The only thing Rust has over C++ is that you can state what ref input a ref output belongs to.
Which is a biggie, no downplaying that.

icefox — Today at 3:49 PM
Not really, functions have no defined ABI
The compiler can and does turn references into copies and vice versa
And, there's always going to be times when I'm smarter than the language. The lang is an amplifier for my own reasoning capabilities, and a special purpose amplifier is going to give me a lot more leverage (for lower cost in its problem domain) than one that tries to be equally good at everything.

Evy
Very limitedly. Copies to refs is demanded by ABI if your struct size exceeds two registers, or if you have too many args. The reverse is a magical recent optimisation of LLVM. But it gives you none of the semantics and semantic guarantees. You still have to overload traits and shit for ref vs. move, you still cannot distinguish between out and in out with a &mut T (it's always treated as in out), etc.

icefox — Today at 3:55 PM
Yeah that part I'm definitely interested in
A quote from Graydon, original creator of Rust, from https://github.com/graydon/rust-prehistory:
While reading this -- if you're foolish enough to try -- keep in mind that I was balanced between near-total disbelief that it would ever come to anything and miniscule hope that if I kept at experiments and fiddling long enough, maybe I could do a thing.

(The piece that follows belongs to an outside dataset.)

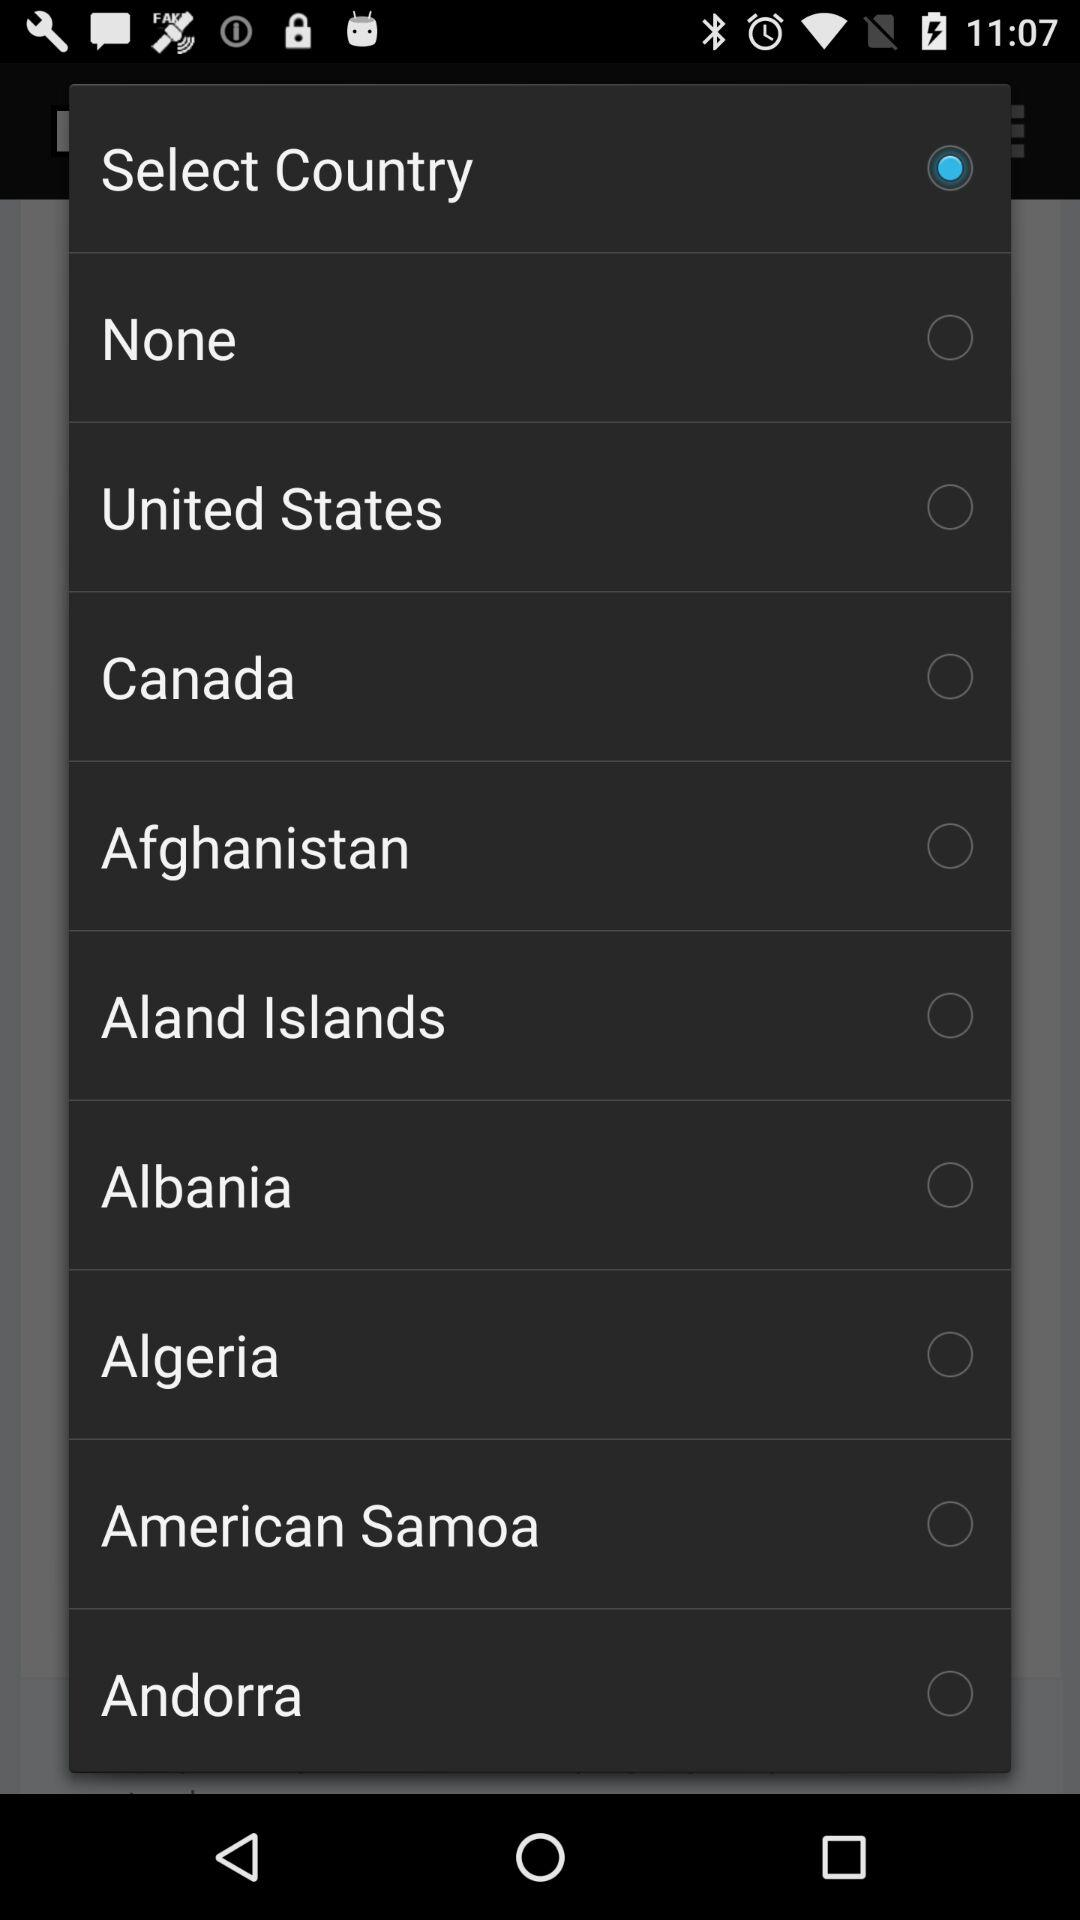Is "Algeria" selected or not? "Algeria" is not selected.

I had been criticizing, picking apart, ranting about other languages for years, and making doodles and marginalia notes about how to do one "right" or "differently" to myself for almost as long. This lineage representes the very gradual coaxing-into-belief that I could actually make something that runs
As such, there are long periods of nothing, lots of revisions of position, long periods of just making notes, arguing with myself, several false starts, digressions into minutiae that seem completely absurd from today's vantage point (don't get me started on how long I spent learning x86 mod r/m bytes and PE import table structures, why?) and self-important frippery.

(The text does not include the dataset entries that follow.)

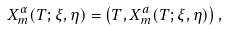<formula> <loc_0><loc_0><loc_500><loc_500>X _ { m } ^ { \alpha } ( T ; \xi , \eta ) = \left ( T , X _ { m } ^ { a } ( T ; \xi , \eta ) \right ) ,</formula> 
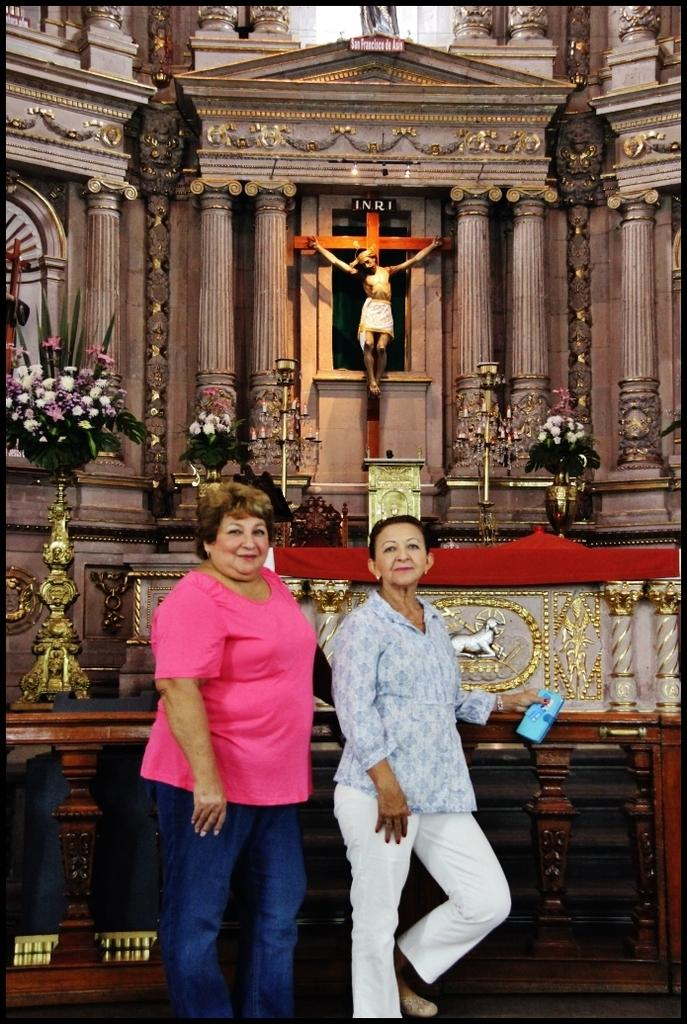How many women are in the image? There are two women in the image. Where are the women located? The women are standing inside a church. What can be seen in the background of the image? Jesus is visible in the background of the image. What decorative items are present in the image? There are flower vases in the image. What architectural features can be seen in the image? There are pillars in the image. How is the image framed? The image has borders. What type of design is visible on the rat in the image? There is no rat present in the image. How many times has the image been folded? The image has not been folded, as it is a digital representation or a photograph. 
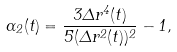<formula> <loc_0><loc_0><loc_500><loc_500>\alpha _ { 2 } ( t ) = \frac { 3 \Delta r ^ { 4 } ( t ) } { 5 ( \Delta r ^ { 2 } ( t ) ) ^ { 2 } } - 1 ,</formula>

The significant thing here is that I had to get to the point of convincing myself that there was something there before bothering to show anyone; the uptick in work in mid-to-late 2009 is when Mozilla started funding me on the clock to work on it, but it's significant that there were years and years of just puttering around in circles, the kind of snowball-rolling that's necessary to go from nothing to "well... maybe..."
I'd encourage reading it in this light: Delusional dreams very gradually coming into focus, not any sort of grand plan being executed.